To give you a better idea of the situation, allow me to list the dramatis personae:

- Bill Hansen, 26, former contestant on "Average Joe: Hawaii". Generously 5'6", generously 185 pounds, and generously 20 beers deep.
- Brian Powers, 26, "associate producer" (read: coffee boy). Was up at 4:30 in the morning for work and had been drinking since 4pm. Time when we entered the bar: 2:15am. Brian was barely breathing at this time.
- Joe Zadlo, 26, the handsomest of the group. Of course, just as it is with women, the best looking is always involved in the serious relationship, which was the case with Joe. And no, I'm not gay because I realize Joe is handsome. Leave me alone, ok?
- Jason Mulgrew, 25, one of the 50 most gorgeous men ever, alive or dead. Famous, fucking famous. And gorgeous. In his own mind.
I smoothly approached the bar to buy us drinks and also to eavesdrop on the girls' conversation. I thought maybe if I listened to their conversation, I could interject with some of the witty repartee that has made me America's Favorite Internet Quasi-Celebrity (notice the caps).

Hanging all over the girls was this extremely drunk, kind of sketchy British dude. It looked like an uncomfortable situation for the girls: this guy was hanging on the hottest one, and she was turning away from him, rolling her eyes, and trying to get him to buzz off. Eventually (and I mean eventually – he was there for a while), he got it and went away. And it was time for me to make these ladies' night.

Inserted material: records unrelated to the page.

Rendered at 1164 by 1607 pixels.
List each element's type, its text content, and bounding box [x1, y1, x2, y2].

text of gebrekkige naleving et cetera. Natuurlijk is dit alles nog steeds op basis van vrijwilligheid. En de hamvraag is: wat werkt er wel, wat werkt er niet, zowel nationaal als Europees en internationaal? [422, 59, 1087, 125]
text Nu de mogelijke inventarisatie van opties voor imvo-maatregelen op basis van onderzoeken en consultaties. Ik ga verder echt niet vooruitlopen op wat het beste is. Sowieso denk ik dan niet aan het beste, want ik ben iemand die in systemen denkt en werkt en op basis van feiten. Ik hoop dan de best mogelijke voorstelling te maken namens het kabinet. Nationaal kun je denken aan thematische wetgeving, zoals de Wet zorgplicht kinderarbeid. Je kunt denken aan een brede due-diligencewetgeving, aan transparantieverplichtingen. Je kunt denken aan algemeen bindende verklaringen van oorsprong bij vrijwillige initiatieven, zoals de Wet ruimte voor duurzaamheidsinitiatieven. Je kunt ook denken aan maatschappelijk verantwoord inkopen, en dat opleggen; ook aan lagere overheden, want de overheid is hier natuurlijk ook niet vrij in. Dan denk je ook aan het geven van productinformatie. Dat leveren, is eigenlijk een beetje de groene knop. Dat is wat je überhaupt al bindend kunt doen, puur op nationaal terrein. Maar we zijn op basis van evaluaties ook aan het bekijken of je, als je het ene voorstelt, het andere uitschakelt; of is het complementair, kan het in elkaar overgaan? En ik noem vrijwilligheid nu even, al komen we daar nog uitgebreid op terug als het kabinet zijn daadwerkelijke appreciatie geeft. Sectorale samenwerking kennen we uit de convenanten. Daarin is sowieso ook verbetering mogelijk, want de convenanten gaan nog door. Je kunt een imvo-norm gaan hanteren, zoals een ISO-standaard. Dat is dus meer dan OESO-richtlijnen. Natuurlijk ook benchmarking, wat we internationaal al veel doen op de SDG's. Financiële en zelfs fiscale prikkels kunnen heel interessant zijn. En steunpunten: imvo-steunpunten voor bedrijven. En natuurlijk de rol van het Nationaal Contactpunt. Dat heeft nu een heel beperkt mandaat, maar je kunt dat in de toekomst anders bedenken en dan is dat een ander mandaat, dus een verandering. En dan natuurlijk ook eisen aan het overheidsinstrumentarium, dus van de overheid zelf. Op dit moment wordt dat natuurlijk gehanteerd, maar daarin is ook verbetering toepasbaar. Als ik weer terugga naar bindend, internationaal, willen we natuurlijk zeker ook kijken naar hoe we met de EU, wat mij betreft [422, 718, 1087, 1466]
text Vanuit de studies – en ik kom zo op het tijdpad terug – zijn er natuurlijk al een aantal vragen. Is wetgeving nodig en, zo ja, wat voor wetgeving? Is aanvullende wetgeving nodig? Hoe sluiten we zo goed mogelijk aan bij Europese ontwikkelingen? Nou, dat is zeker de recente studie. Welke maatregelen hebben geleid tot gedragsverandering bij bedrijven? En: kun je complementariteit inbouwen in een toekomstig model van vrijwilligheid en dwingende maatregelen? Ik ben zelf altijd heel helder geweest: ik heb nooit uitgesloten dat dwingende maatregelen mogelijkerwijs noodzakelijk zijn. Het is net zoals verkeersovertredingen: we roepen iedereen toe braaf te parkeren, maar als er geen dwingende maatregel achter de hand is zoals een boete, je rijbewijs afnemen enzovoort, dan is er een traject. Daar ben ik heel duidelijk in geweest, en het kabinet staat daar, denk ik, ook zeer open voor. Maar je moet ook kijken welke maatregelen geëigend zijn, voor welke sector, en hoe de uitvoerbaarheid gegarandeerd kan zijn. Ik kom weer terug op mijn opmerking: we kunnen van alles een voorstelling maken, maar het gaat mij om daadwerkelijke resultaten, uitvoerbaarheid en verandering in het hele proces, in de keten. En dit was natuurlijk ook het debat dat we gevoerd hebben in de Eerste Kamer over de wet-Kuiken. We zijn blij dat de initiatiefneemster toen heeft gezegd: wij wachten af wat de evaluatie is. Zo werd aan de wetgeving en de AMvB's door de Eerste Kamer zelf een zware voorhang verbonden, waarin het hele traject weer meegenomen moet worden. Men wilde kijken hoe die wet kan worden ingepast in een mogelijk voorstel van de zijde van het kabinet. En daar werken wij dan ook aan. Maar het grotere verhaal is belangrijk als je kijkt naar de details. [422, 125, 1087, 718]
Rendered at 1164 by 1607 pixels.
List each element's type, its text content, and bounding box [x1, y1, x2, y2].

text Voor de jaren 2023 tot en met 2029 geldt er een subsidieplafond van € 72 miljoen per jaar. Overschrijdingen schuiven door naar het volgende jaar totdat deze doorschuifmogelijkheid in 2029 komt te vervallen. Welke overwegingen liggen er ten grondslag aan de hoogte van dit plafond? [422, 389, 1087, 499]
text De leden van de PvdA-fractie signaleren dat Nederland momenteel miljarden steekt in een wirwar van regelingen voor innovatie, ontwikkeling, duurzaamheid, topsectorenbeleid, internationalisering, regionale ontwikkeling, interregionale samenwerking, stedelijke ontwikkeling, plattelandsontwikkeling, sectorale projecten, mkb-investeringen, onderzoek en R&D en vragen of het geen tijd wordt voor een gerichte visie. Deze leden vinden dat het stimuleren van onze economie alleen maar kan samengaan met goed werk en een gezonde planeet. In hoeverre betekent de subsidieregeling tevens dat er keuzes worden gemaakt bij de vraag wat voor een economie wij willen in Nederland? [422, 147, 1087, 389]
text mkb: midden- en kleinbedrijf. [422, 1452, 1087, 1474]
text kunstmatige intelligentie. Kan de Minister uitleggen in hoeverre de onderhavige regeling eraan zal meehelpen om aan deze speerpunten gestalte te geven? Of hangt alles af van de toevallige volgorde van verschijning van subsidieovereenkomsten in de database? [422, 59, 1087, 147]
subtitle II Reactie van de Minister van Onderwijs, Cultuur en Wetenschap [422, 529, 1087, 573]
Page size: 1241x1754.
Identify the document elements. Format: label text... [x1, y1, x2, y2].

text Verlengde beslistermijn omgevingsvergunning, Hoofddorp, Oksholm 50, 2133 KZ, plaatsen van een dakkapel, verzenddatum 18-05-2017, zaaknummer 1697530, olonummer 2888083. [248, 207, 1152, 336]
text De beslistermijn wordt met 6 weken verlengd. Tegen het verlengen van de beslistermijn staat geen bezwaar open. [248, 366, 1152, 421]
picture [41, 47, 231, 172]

Suavely, and more importantly, unthreateningly, I walked up to the ladies with an easy smile and said, "Man, that was brutal, huh?", referring to the guy who relentlessly hit on them.

Let's stop right there.

Now I wasn't expecting them to burst into laughter. Nor was I expecting them to start clawing each other's eyes out over who would be the first to give me a handjob for my comic relief. All I expected was some smiles and an opening, so I could come back with something like, "If you want, I'll go kick his ass. I did, like, three push-ups this morning, so I'm feeling pretty invincible right now."

Instead, the three girls looked at me, stared for a second or two, and then turned away.

Ouch baby, very ouch.

I slowly slinked away, much to the delight of my friends, who watched the approach, the attempt, and the horrible, horrible failure with great interest. To add insult to injury, the girls then got up and moved to another table in the bar. I think at this point Bill peed his pants a little bit because he was laughing so hard.

To be honest, I wasn't bothered by this. The delight it gave my friends far surpassed any hurt feelings I had, so it rolled right off me. But I think that I should re-think my approach. Instead of opening with a lame line, perhaps I should just be honest. Something like, "Listen, I'm not very good at this. But the good news is that I'm too drunk to have sex with you anyway. So I guess what I'm hoping for here is an hour or so of good conversation, followed by you and I going back to my apartment to slow dance to Bad English's 'When I See You Smile' before falling asleep. Then we'll wake up, go to the diner by my place, and have some eggs. Then sometime next week we'll get together again, I'll get you nice and drunk, and I will basically attack you with my sexual organs. Thoughts?"

You know what? I should print that line out and put it in my wallet now to use next weekend. Because otherwise I might forget and instead start with something like, "Did you ladies know that I won a silver medal in the National Latin Exam four years in a row from 1994 to 1997?" or "Do you girls want to see me drink a beer real fast then punch that bartender in the mouth?" Don't get me wrong - those lines are great, but perhaps their time has passed. Sigh.